6.ª Como refere acerca da dedução de imposto em sumário o acórdão do STA proferido no processo 256/10 e datado de 02-06-2010, disponível em www.dgsi.pt:
“Os sujeitos passivos de IVA têm direito a deduzir o IVA por si suportado e incidente sobre as operações tributáveis efectuadas a montante, designadamente o imposto pago pelas aquisições de bens ou serviços, nos termos do artigo 19.°, n.° 1, alínea c) do CIVA.
II - Em regra, a dedução deve ser efectuada na declaração do período posterior àquele em que se tiver verificado a recepção das facturas ou documentos equivalentes (n.° 2 do artigo 22.° do CIVA).
III - Todavia, nos casos em que a obrigação de liquidação e pagamento do imposto compete ao adquirente dos bens e serviços e os correspondentes montantes não tenham sido incluídos na declaração periódica, originando a respectiva liquidação e dedução ou o tenham sido fora do prazo legalmente estabelecido, a liquidação e a dedução são aceites sem quaisquer consequências desde que o sujeito passivo entregue a declaração de substituição, sem prejuízo da penalidade que ao caso couber (n.° 15 do artigo 71.° do CIVA, na redacção em vigor à data dos factos).

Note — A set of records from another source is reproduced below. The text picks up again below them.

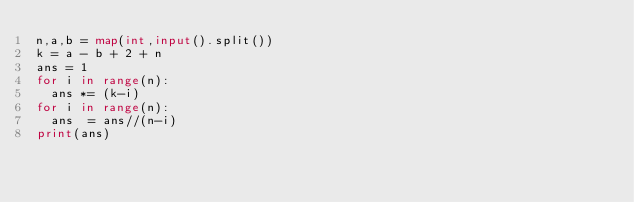<code> <loc_0><loc_0><loc_500><loc_500><_Python_>n,a,b = map(int,input().split())
k = a - b + 2 + n
ans = 1
for i in range(n):
  ans *= (k-i)
for i in range(n):
  ans  = ans//(n-i)
print(ans)
  
</code> 
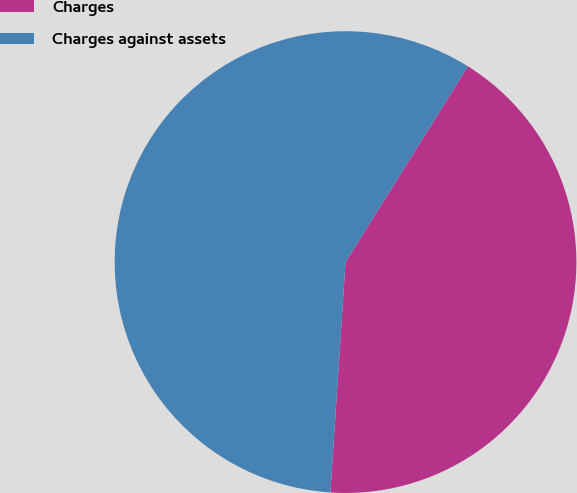Convert chart to OTSL. <chart><loc_0><loc_0><loc_500><loc_500><pie_chart><fcel>Charges<fcel>Charges against assets<nl><fcel>42.15%<fcel>57.85%<nl></chart>

IV - O sujeito passivo não está impedido de apresentar a declaração de substituição em momento posterior a uma primitiva liquidação, devendo aquela ser considerada para efeitos de determinação do imposto devido, embora sem prejuízo da penalidade que ao caso couber.”
7.ª Como se pode pois concluir sem qualquer margem para dúvidas, sendo a declaração periódica de IVA a declaração correspondente ao imposto apurado pelo próprio sujeito passivo, a qual se deve presumir verdadeira e de boa-fé nos termos do art.º 75.º da LGT e, estando além do mais o despacho em crise fundamentado nessa declaração, encontra-se clara e suficientemente fundamentado, pois o imposto apurado e a pagar pelo sujeito passivo resulta já da operação consistente na dedução do IVA por si suportado e incidente sobre as operações tributáveis efectuadas a montante, designadamente o imposto pago pelas aquisições de bens ou serviços, nos termos do artigo 19.°, n.° 1, alínea c) do CIVA.

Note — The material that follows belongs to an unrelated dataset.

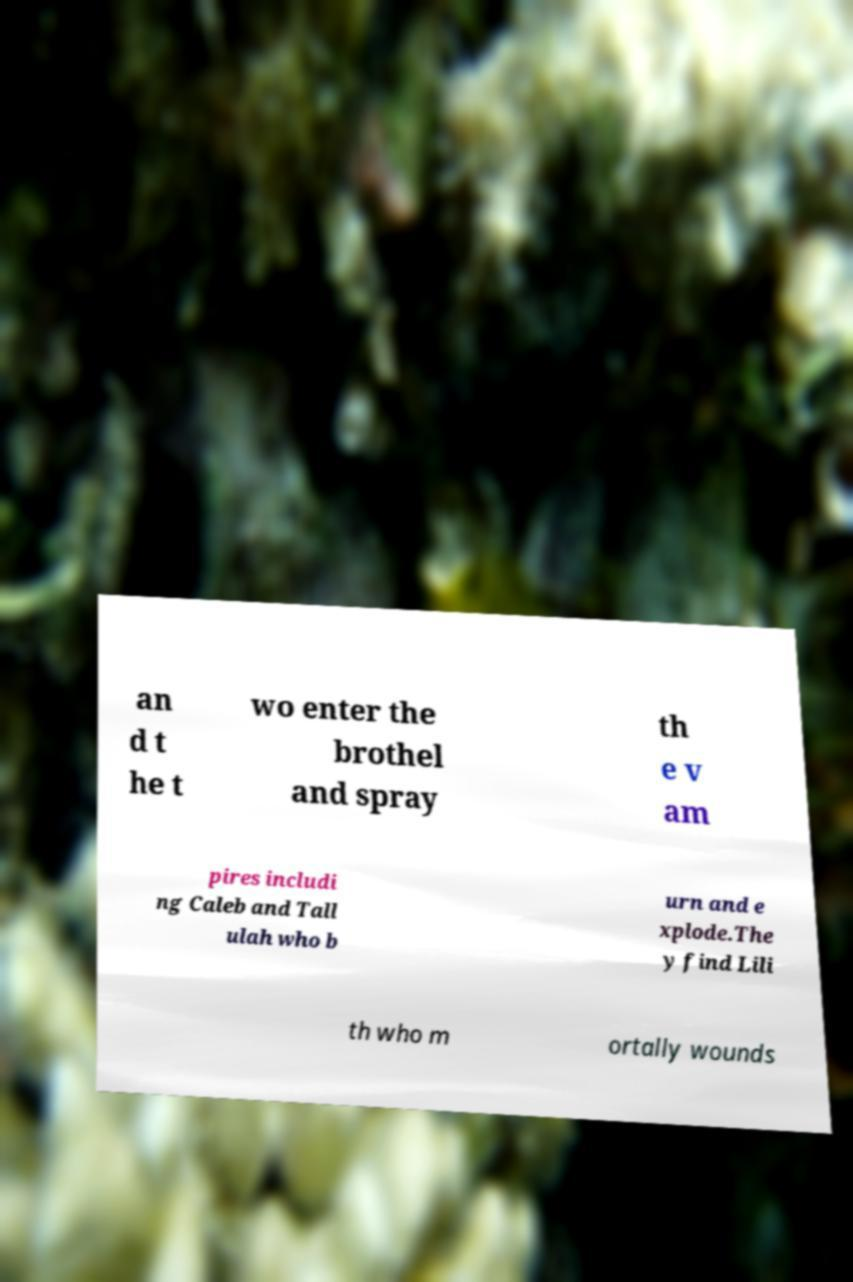Please read and relay the text visible in this image. What does it say? an d t he t wo enter the brothel and spray th e v am pires includi ng Caleb and Tall ulah who b urn and e xplode.The y find Lili th who m ortally wounds

8.ª Acresce que, o sujeito passivo, em consonância, pagou o imposto apenas parcialmente, pelo que se encontra devidamente ciente do montante e dos motivos que estiveram na origem dessa insuficiência de pagamento da prestação tributária devida.
9.ª Assim, caso houvesse imposto que se encontrasse por liquidar ou tivesse sido indevidamente liquidado nos termos legais, nada impedia o SP de apresentar a declaração de substituição.
Fá-lo-ia contudo em momento posterior a uma primitiva liquidação, devendo ser aquela outra considerada para efeitos de determinação do imposto devido, embora sem prejuízo da penalidade que ao caso coubesse.
10.ª Como se conclui, o imposto a entregar resulta já da operação feita pelo SP e que se encontra indicada na DP, operação que tem como fim apurar qual o montante exacto a entregar nos cofres do Estado – método subtractivo ou do crédito de imposto que por via da liquidação e da dedução, se reflecte na declaração periódica.
Aí constam já os montantes exatos não apenas da prestação deduzida, mas também do resultado - o montante de imposto apurado e a pagar ao Estado que corresponde ao valor excedente relativamente ao liquidado, incluindo-se nesses cálculos como se disse, a prestação deduzida nos termos da lei.
11.ª Nesta senda, a sentença recorrida, ao fundamentar indevidamente os factos por errada apreciação da prova, procedeu à interpretação e aplicação correcta das normas aplicáveis reguladoras do caso em apreço, acolhendo indevidamente a alínea b) do n.º 1 do artigo 79.º do RGIT e o disposto no artigo 63.º, n.º 1 al. d), do RGIT. Termos em que não se pode manter na ordem jurídica.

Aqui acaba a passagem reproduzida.